The Neuroendocrine Theory of Aging was first described in 1954 in a Master’s thesis by the distinguished Russian gerontologist, Vladimir Dilman, M.D., Ph.D., D.M.Sc., who ultimately wrote a number of books about the topic. Dr. Dean obtained a copy of Dilman’s books and later co-authored with the gerontologist the book The Neuroendocrine Theory of Aging and Degenerative Disease. The Neuroendocrine Theory states that aging is caused when receptors and secretory cells in the limbic system, hypothalamus and the pituitary (important structures in the brain) are no longer sensitive to the hormones that control their function, resulting in a down regulation of the limbic-hypothalamic-pituitary axis and a subsequent down regulation of end organ receptor sites in the thymus, adrenals, thyroid, ovaries and testes. When this essential neuroendocrine axis becomes less functional, our bodies are thrown out of balance and we are at increased risk for the major diseases of aging—which include atherosclerosis, hypertension, diabetes, cancer and autoimmune disorders. Consequently, maintenance and up regulation of this vital axis is of crucial importance.1

In this article, I will take the Neuro¬endocrine Theory one step further by addressing a closely related concept that Dr. Ward Dean also has explored extensively: The Cross-linking Theory of Aging. Neuroendocrine imbalance, as mentioned above, can lead to this destructive process known as cross-linking.

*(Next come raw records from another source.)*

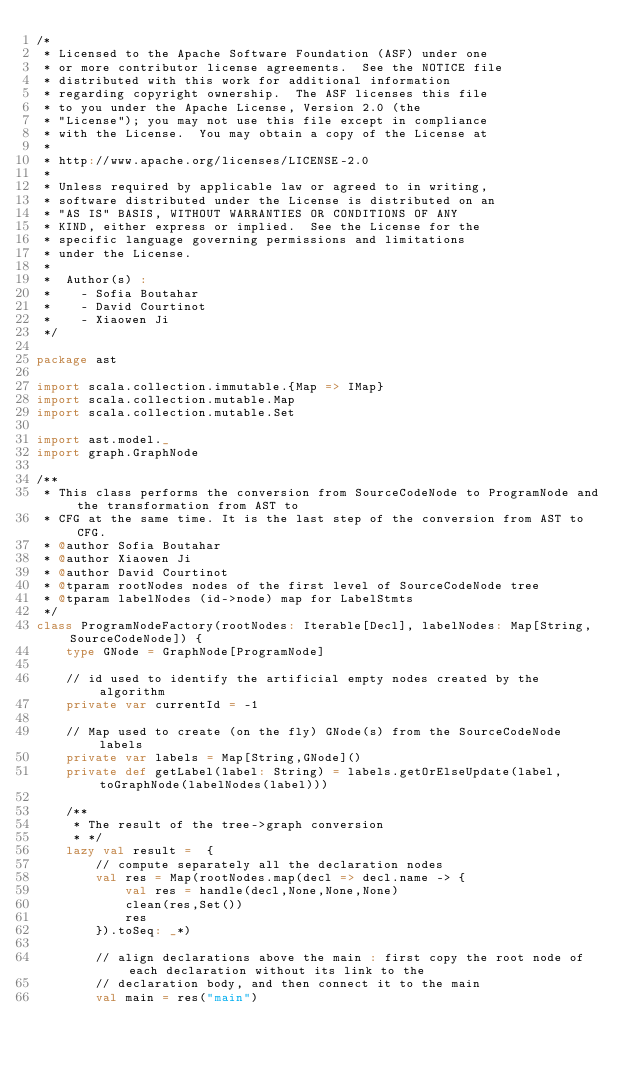<code> <loc_0><loc_0><loc_500><loc_500><_Scala_>/*
 * Licensed to the Apache Software Foundation (ASF) under one
 * or more contributor license agreements.  See the NOTICE file
 * distributed with this work for additional information
 * regarding copyright ownership.  The ASF licenses this file
 * to you under the Apache License, Version 2.0 (the
 * "License"); you may not use this file except in compliance
 * with the License.  You may obtain a copy of the License at
 * 
 * http://www.apache.org/licenses/LICENSE-2.0
 * 
 * Unless required by applicable law or agreed to in writing,
 * software distributed under the License is distributed on an
 * "AS IS" BASIS, WITHOUT WARRANTIES OR CONDITIONS OF ANY
 * KIND, either express or implied.  See the License for the
 * specific language governing permissions and limitations
 * under the License.
 * 
 *	Author(s) :
 *	  - Sofia Boutahar
 *    - David Courtinot
 *    - Xiaowen Ji
 */

package ast

import scala.collection.immutable.{Map => IMap}
import scala.collection.mutable.Map
import scala.collection.mutable.Set

import ast.model._
import graph.GraphNode

/**
 * This class performs the conversion from SourceCodeNode to ProgramNode and the transformation from AST to
 * CFG at the same time. It is the last step of the conversion from AST to CFG.
 * @author Sofia Boutahar
 * @author Xiaowen Ji
 * @author David Courtinot
 * @tparam rootNodes nodes of the first level of SourceCodeNode tree
 * @tparam labelNodes (id->node) map for LabelStmts
 */
class ProgramNodeFactory(rootNodes: Iterable[Decl], labelNodes: Map[String,SourceCodeNode]) {
    type GNode = GraphNode[ProgramNode]
    
    // id used to identify the artificial empty nodes created by the algorithm
    private var currentId = -1
    
    // Map used to create (on the fly) GNode(s) from the SourceCodeNode labels 
    private var labels = Map[String,GNode]()
    private def getLabel(label: String) = labels.getOrElseUpdate(label,toGraphNode(labelNodes(label)))

    /**
     * The result of the tree->graph conversion
     * */
    lazy val result =  {
        // compute separately all the declaration nodes
        val res = Map(rootNodes.map(decl => decl.name -> {
            val res = handle(decl,None,None,None)
            clean(res,Set())
            res
        }).toSeq: _*)
        
        // align declarations above the main : first copy the root node of each declaration without its link to the
        // declaration body, and then connect it to the main
        val main = res("main")</code>

It has long been known that cross-linked proteins are linked to diabetic complications. The newest research, however, reveals that cross-linking is related to a surprising number of diseases, including Alzheimer’s disease, osteoporosis, arthritis, kidney disease, cataracts and aging skin (see sidebar). Furthermore, researchers now realize that cross-linking increases the amount of LDL type B subparticles (the “bad” cholesterol).

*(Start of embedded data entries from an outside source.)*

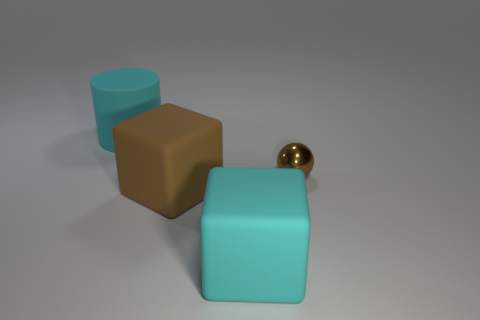There is a small metal thing on the right side of the large cyan thing that is in front of the large brown rubber cube; what is its color?
Your answer should be compact. Brown. How many other things are the same material as the small thing?
Provide a short and direct response. 0. Are there an equal number of small metal objects that are left of the cyan matte cylinder and large brown shiny cylinders?
Keep it short and to the point. Yes. What is the material of the big block behind the large cyan thing on the right side of the cylinder that is on the left side of the ball?
Your response must be concise. Rubber. There is a metal object to the right of the big matte cylinder; what is its color?
Provide a succinct answer. Brown. Is there anything else that is the same shape as the small shiny object?
Provide a short and direct response. No. How big is the cyan thing in front of the big cyan cylinder behind the brown shiny ball?
Keep it short and to the point. Large. Are there the same number of tiny balls that are in front of the brown matte thing and tiny brown objects in front of the metallic ball?
Your response must be concise. Yes. Is there any other thing that has the same size as the brown ball?
Provide a short and direct response. No. There is another cube that is the same material as the brown cube; what color is it?
Offer a terse response. Cyan. 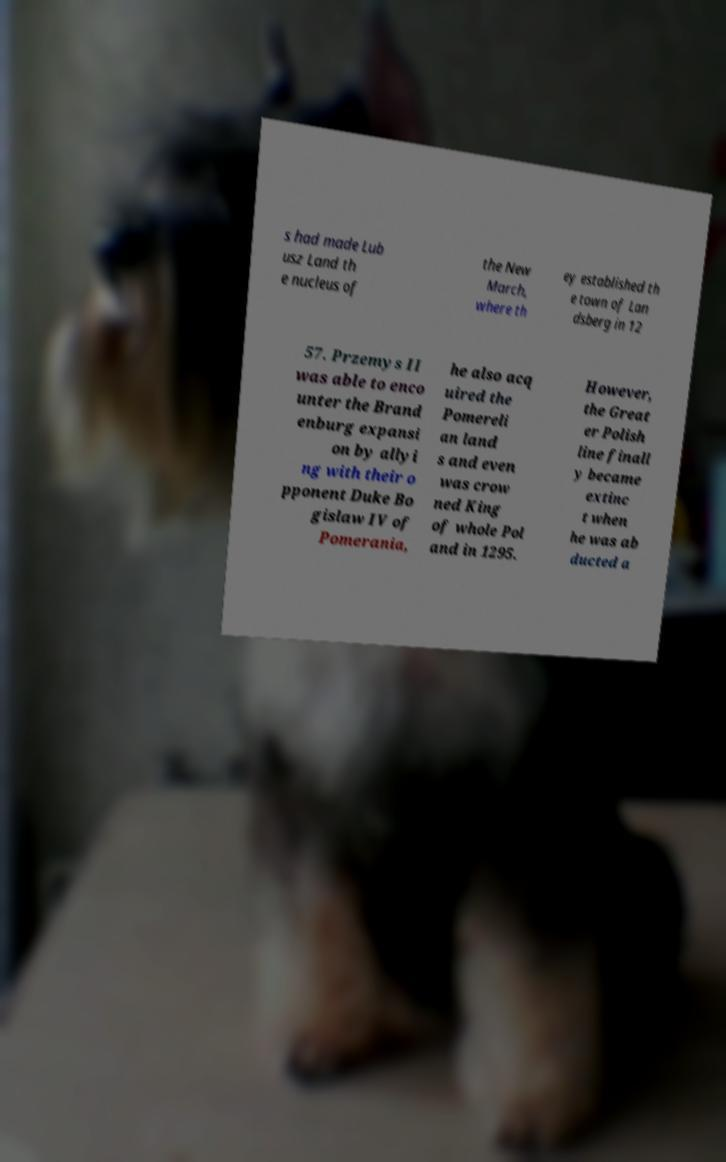For documentation purposes, I need the text within this image transcribed. Could you provide that? s had made Lub usz Land th e nucleus of the New March, where th ey established th e town of Lan dsberg in 12 57. Przemys II was able to enco unter the Brand enburg expansi on by allyi ng with their o pponent Duke Bo gislaw IV of Pomerania, he also acq uired the Pomereli an land s and even was crow ned King of whole Pol and in 1295. However, the Great er Polish line finall y became extinc t when he was ab ducted a

Why We Age: One Proposed Theory

According to the Cross-linking Theory of Aging, when a sugar links with a protein molecule a harmful process called cross-linking occurs in the body. Cross-linking begins with a process called the Maillard reaction. Anyone who has toasted a slice of bread is familiar with this reaction. When the protein and the carbohydrates in the bread are exposed to heat they turn brown as a result of the chemical reaction that occurred between the proteins and carbohydrates during cooking.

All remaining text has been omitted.